In Abbott’s Law of Merchant Shipping (13th Ed.) 297, the author says:
“A contract that a steamer should take her turn with other steamers, and receive prompt dispatch, was hold not to be satisfied by merely loading the ship in turn, as she did not receive prompt dispatch, owing to a deficiency in the supply of cargo.”
The court is of the opinion that the charterer’s covenant to load promptly should not be limited to the period after the Dorothy Palmer obtained her berth. Upon this point, Capt. Plarding, the master of the schooner, states — and I do not find that he is contradicted — that Mr. Parker, the superintendent of terminals, told him that there were at that time several vessels waiting in Newport News because there was no cargo for them, and the evidence tends to show that the usual loading facilities of the port were not being used to the extent that they were in use under normal conditions; but to what extent there was a failure in this particular, or how far such failure may have been due to climatic conditions, does not satisfactorily appear.

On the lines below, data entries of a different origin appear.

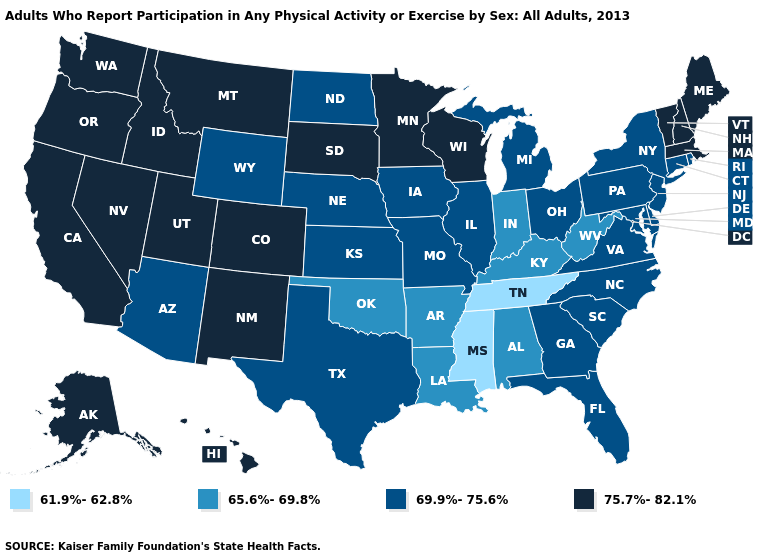How many symbols are there in the legend?
Short answer required. 4. Which states hav the highest value in the South?
Give a very brief answer. Delaware, Florida, Georgia, Maryland, North Carolina, South Carolina, Texas, Virginia. Name the states that have a value in the range 75.7%-82.1%?
Keep it brief. Alaska, California, Colorado, Hawaii, Idaho, Maine, Massachusetts, Minnesota, Montana, Nevada, New Hampshire, New Mexico, Oregon, South Dakota, Utah, Vermont, Washington, Wisconsin. What is the value of North Carolina?
Give a very brief answer. 69.9%-75.6%. What is the value of Oregon?
Keep it brief. 75.7%-82.1%. What is the value of Maine?
Be succinct. 75.7%-82.1%. Among the states that border North Carolina , which have the highest value?
Be succinct. Georgia, South Carolina, Virginia. Name the states that have a value in the range 61.9%-62.8%?
Give a very brief answer. Mississippi, Tennessee. Does the map have missing data?
Give a very brief answer. No. Which states have the lowest value in the USA?
Quick response, please. Mississippi, Tennessee. What is the value of West Virginia?
Concise answer only. 65.6%-69.8%. Name the states that have a value in the range 61.9%-62.8%?
Answer briefly. Mississippi, Tennessee. What is the value of Connecticut?
Short answer required. 69.9%-75.6%. What is the value of Vermont?
Short answer required. 75.7%-82.1%. Name the states that have a value in the range 61.9%-62.8%?
Give a very brief answer. Mississippi, Tennessee. 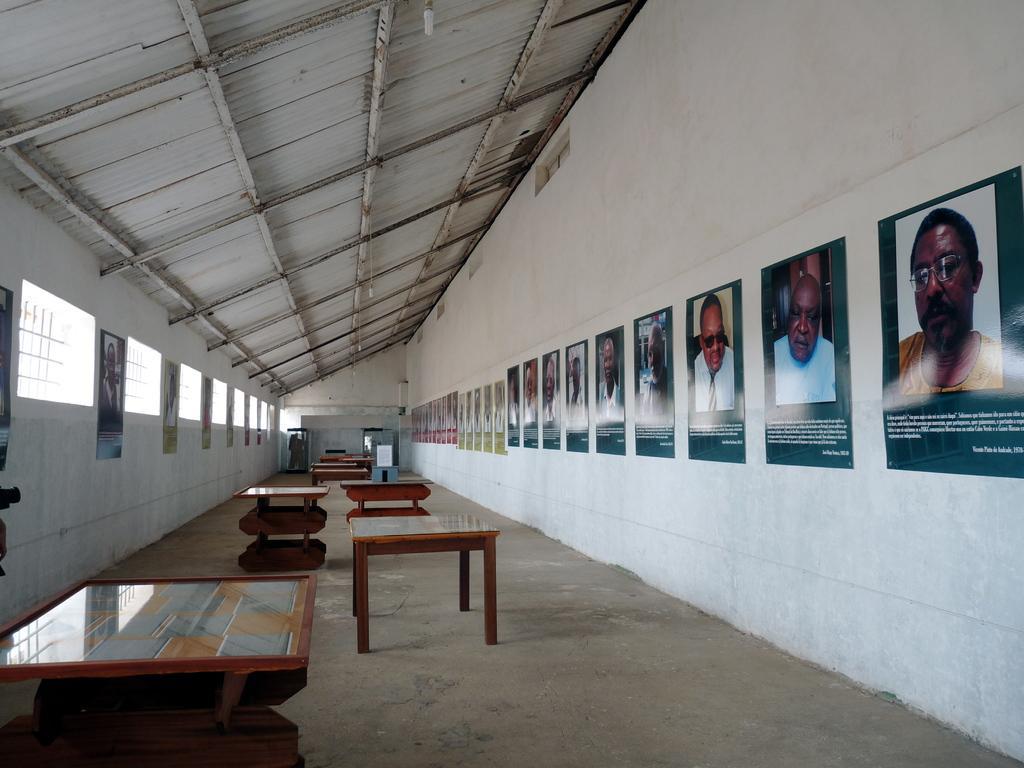Can you describe this image briefly? This is a room, in this room we can see some table and some pictures attached to the wall and at the background of the image there is also wall. 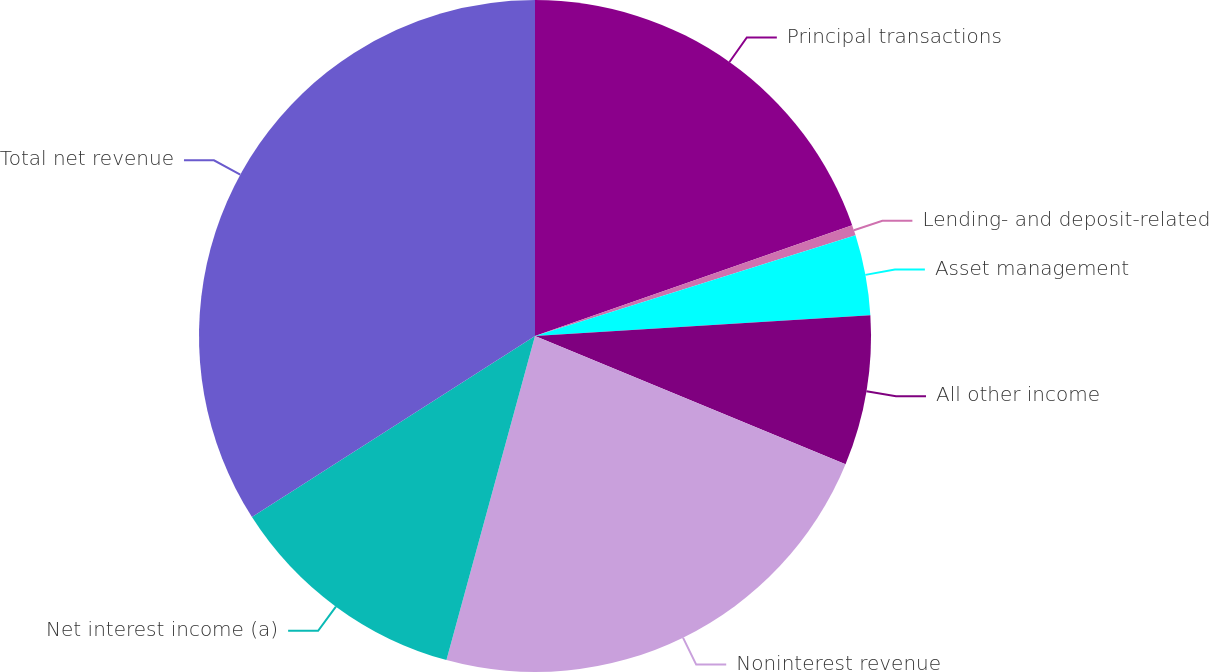Convert chart. <chart><loc_0><loc_0><loc_500><loc_500><pie_chart><fcel>Principal transactions<fcel>Lending- and deposit-related<fcel>Asset management<fcel>All other income<fcel>Noninterest revenue<fcel>Net interest income (a)<fcel>Total net revenue<nl><fcel>19.65%<fcel>0.51%<fcel>3.86%<fcel>7.22%<fcel>23.01%<fcel>11.7%<fcel>34.06%<nl></chart> 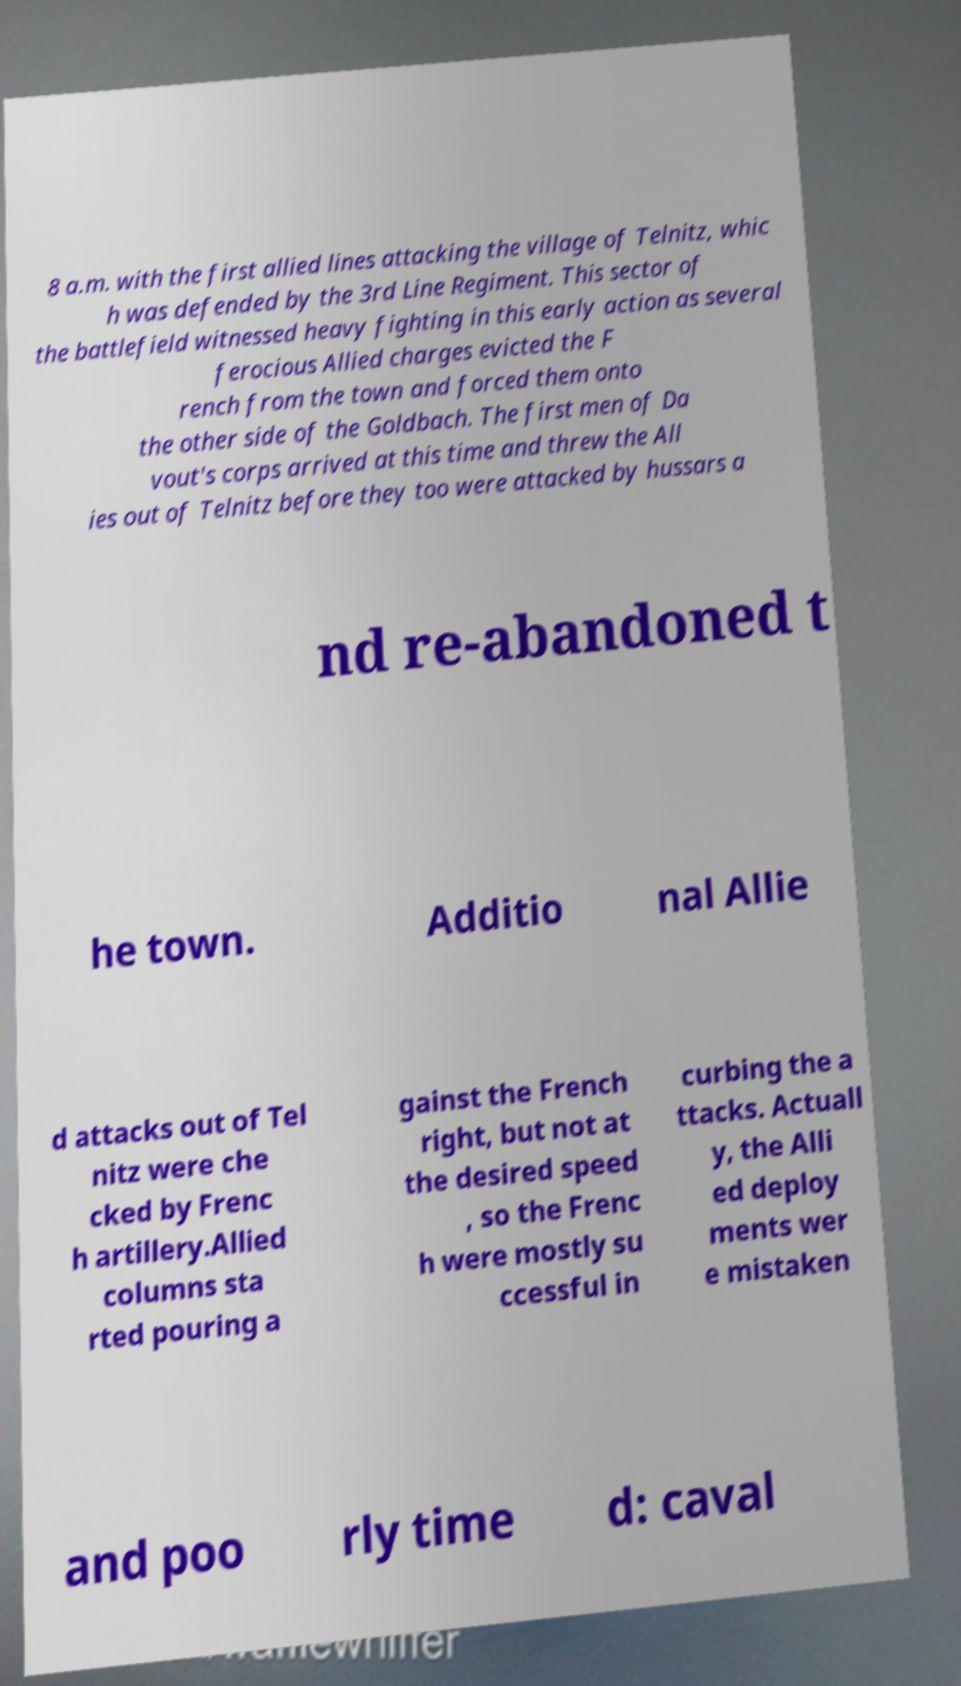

As this particular aspect of the case, however, is one of damages, it will necessarily be heard by an assessor.
Libelant further argues that the evidence shows that the failure of the libelant’s schooner to have her turn, as well as the failure to load her promptly, were due to the fact that her cargo was not ready, although *981the charterer had requested the New Rivers Coal Company to supply-coal ; that this failure to have the cargo at the time and place for loading was the real cause for the delay in giving this vessel her turn, and in not loading her promptly; that such reasons were given by the charterer’s agent, as also by the superintendent of terminals, on several occasions during the time the schooner was waiting in Newport News; and that the reasons which were made the subject-matter of this defense were pretexts and after-thoughts. There is considerable testimony in the case sustaining the libelant’s contention upon this point. It is not, however, incumbent upon the court to decide what reasons prevailed in this behalf. Tt is enough to find, and I do find, that this vessel was improperly detained.
5. I hold, then, in this case that under the clause, “Vessel to be loaded promptly,” the Dorothy Palmer was entitled to have her turn in loading with the other vessels in the order of her arrival, as I have indicated in this opinion, and without reading into the charter party the alleged custom. T further hold that she should have been loaded promptly, in view of the facilities of the port, taking into account the climatic conditions which existed at the time, and that she was not so loaded.
A decree may be entered for the libelant. An assessor may be appointed to report the extent of the libelant’s damages.